Data from 6-hour advances, release to DD, and single day 6-hour delays were analyzed using t-tests. Mann Whitney U tests were applied to (non-parametric) data from single day 6-hour advances and single day 8-hour advances. Responses to acute light exposure or “control” placement in the apparatus were subjected to ANOVA followed by Tukey analysis. Phase shifts are expressed as group averages ± standard error of the mean (SEM). Fos-immunoreactive cell counts, expressed in the Results as group averages ± SEM, were subjected to two-way ANOVA, with strain and treatment as factors, followed by Tukey analysis.
In response to a 6-hour advance of their light-dark cycle, locomotor rhythms of BALB/c mice were found to re-entrain more rapidly (1.6 ± 0.3 days; n=15) than C57BL/6J mice (4.8 ± 0.3 days, n=15; p < 0.001)(Fig. 1A). Re-entrainment was also significantly more rapid in BALB/cJ than C57BL/6J mice following 8 hour advances of the light-dark cycle (1.8 ± 0.3 days (n=10) vs 5.7 ± 0.7 days (n=7); data not shown graphically; p<0.05).

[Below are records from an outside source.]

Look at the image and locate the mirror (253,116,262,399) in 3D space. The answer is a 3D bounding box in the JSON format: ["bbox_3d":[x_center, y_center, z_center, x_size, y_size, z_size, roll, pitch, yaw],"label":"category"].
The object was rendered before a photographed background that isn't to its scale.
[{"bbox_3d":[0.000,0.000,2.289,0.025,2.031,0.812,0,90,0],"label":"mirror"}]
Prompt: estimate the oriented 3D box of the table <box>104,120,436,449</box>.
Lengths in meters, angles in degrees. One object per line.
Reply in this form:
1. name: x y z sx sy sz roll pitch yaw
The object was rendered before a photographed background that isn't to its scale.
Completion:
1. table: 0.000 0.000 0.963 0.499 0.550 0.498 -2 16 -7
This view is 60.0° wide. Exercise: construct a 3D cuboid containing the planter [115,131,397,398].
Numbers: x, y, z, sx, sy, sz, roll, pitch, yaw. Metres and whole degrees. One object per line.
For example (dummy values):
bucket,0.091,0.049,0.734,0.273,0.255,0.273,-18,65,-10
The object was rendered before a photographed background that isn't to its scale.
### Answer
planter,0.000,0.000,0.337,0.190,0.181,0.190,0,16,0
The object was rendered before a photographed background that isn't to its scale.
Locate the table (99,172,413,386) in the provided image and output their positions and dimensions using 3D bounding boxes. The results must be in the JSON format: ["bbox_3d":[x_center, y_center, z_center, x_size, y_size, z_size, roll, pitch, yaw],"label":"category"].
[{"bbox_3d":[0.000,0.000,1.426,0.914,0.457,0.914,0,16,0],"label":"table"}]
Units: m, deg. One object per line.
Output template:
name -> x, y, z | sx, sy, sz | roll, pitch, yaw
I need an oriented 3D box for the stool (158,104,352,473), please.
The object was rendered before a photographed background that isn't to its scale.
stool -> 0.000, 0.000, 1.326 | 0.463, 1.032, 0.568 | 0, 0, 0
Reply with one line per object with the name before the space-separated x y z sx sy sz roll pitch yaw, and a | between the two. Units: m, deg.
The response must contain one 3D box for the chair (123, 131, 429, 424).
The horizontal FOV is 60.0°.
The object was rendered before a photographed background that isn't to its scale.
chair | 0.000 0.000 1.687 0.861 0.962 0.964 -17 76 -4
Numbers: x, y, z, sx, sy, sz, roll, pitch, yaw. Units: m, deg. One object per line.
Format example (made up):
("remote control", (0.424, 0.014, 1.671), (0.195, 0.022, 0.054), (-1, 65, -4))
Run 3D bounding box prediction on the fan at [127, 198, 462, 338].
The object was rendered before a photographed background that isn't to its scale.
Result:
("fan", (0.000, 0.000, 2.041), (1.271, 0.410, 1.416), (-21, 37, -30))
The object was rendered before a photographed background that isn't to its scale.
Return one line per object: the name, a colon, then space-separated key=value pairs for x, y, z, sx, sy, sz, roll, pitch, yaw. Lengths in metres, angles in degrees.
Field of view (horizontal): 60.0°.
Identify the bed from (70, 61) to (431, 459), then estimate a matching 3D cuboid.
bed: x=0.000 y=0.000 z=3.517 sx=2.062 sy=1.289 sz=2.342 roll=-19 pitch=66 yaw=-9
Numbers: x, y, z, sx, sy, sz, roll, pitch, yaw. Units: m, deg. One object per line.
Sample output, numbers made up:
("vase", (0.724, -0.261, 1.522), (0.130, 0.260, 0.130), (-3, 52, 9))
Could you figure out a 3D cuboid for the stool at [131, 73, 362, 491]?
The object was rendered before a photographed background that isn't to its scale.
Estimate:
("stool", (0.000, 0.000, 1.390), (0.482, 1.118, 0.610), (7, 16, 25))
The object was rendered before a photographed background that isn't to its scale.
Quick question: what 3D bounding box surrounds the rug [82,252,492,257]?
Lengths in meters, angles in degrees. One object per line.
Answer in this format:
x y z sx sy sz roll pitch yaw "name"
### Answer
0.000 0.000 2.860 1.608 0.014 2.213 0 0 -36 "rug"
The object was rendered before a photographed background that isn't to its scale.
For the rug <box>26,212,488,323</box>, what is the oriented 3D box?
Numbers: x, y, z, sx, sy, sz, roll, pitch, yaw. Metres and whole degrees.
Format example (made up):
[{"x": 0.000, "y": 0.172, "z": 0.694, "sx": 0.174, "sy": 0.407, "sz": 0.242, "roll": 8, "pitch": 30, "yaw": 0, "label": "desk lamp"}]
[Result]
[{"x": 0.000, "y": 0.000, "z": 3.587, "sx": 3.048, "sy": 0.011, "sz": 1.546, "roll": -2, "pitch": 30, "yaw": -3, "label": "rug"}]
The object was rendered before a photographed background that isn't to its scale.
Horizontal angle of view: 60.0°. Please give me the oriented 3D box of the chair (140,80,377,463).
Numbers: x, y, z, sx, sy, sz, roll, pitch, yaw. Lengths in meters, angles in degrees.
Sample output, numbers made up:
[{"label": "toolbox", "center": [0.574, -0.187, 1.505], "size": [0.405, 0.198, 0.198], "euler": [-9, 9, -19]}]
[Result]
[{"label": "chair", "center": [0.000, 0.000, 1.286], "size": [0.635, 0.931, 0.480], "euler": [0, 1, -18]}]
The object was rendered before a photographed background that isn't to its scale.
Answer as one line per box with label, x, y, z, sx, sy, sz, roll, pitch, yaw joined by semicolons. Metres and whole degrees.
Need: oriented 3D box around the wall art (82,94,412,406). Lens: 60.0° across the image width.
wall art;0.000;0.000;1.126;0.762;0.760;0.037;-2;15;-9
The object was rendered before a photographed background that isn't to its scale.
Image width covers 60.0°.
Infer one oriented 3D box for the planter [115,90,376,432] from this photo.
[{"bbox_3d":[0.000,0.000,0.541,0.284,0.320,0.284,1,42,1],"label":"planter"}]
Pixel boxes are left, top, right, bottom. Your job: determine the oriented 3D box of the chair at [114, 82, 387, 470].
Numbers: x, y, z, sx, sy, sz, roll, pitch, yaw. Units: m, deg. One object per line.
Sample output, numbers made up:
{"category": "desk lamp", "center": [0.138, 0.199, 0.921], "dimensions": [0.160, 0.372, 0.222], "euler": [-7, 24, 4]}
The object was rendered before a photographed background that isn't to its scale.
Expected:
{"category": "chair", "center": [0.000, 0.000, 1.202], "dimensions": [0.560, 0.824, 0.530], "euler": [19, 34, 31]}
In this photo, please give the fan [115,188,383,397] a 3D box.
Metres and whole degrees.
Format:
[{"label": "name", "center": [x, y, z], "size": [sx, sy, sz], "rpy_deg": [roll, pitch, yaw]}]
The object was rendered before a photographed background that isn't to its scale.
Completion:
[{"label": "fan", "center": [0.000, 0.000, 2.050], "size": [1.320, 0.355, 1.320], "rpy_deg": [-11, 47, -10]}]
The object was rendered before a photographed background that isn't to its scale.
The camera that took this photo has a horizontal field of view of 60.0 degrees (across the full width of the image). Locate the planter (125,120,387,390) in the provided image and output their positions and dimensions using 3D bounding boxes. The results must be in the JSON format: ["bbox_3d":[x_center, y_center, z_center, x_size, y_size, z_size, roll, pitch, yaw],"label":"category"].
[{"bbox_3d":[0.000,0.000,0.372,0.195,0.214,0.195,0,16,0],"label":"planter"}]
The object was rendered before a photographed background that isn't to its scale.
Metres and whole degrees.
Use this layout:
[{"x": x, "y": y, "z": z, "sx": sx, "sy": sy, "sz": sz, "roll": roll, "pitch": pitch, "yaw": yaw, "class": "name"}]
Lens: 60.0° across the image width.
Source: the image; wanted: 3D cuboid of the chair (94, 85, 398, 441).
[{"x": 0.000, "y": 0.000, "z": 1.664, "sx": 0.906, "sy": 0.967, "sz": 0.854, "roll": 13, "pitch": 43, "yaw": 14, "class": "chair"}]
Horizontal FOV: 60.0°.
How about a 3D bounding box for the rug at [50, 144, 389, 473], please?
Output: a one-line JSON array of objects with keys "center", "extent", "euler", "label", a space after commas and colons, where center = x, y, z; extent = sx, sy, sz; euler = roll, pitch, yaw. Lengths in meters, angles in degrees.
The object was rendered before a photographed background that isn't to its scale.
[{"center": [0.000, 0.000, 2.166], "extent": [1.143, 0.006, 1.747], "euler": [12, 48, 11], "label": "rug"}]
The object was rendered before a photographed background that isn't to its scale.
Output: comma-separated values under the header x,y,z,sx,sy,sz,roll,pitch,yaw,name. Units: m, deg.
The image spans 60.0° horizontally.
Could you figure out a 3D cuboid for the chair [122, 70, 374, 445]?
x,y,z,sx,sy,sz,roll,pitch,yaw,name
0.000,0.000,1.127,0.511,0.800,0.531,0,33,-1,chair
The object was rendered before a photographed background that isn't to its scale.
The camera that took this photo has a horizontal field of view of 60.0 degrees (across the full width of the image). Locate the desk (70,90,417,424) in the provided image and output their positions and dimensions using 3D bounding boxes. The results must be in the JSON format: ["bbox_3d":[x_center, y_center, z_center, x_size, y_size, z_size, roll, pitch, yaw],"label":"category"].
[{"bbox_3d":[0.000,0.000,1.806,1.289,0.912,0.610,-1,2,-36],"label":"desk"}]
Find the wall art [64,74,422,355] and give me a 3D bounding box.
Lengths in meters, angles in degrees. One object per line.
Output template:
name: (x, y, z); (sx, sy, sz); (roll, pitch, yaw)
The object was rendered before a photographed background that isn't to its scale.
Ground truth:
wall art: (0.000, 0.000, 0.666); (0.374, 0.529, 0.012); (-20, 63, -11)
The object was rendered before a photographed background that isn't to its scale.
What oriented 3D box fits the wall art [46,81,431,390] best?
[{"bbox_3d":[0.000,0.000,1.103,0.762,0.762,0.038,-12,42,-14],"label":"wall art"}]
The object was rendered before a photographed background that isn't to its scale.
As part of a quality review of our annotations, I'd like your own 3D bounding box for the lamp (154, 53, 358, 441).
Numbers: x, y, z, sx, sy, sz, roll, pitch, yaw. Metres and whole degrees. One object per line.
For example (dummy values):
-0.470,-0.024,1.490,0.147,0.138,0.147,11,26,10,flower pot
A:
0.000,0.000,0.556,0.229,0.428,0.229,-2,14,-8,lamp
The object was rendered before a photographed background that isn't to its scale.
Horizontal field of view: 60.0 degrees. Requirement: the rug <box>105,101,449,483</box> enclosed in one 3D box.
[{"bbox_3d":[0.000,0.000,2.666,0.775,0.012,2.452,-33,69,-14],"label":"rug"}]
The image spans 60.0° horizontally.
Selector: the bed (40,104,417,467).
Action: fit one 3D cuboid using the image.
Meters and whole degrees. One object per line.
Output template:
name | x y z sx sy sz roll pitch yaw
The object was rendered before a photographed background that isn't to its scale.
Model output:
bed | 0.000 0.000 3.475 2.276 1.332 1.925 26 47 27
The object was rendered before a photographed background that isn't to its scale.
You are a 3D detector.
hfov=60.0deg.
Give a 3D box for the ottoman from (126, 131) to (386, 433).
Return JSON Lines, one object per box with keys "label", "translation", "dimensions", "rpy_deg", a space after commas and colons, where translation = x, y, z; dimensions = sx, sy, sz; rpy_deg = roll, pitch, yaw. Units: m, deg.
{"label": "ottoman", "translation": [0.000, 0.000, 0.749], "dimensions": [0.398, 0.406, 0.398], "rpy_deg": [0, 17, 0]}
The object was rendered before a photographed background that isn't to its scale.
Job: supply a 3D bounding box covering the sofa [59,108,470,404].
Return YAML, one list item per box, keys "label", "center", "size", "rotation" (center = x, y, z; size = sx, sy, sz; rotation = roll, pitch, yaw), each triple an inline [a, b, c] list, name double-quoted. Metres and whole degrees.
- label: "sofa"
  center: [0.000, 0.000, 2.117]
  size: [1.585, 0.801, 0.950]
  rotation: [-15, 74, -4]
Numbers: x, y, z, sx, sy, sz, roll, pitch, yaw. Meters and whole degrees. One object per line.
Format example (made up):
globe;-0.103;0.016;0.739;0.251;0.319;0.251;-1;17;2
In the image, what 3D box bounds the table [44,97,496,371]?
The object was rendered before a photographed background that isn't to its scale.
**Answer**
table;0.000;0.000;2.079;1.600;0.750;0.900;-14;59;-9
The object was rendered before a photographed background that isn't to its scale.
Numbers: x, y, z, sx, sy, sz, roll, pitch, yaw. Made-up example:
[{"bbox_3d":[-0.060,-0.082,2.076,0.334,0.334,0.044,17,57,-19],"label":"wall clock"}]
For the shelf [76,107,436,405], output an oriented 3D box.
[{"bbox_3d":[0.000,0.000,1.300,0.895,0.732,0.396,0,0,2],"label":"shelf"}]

When mice were exposed to a 6-hour advance of the LD cycle for one day then released into constant darkness, locomotor rhythms in BALB/cJ mice advanced significantly greater (5.6 ± 0.8 hrs, n=11) than in C57BL/6J mice (1.9 ± 0.2 hrs, n= 10; p< 0.001)(Fig. 1B). One-day 8-hour advances of the light-dark cycle yielded 7.2 ± 1.1 hr advances in Balb/cJ mice (n=13), compared to 0.4 ± 0.4 hr advances in C57BL6J mice (n=13; data not shown graphically; p<0.001).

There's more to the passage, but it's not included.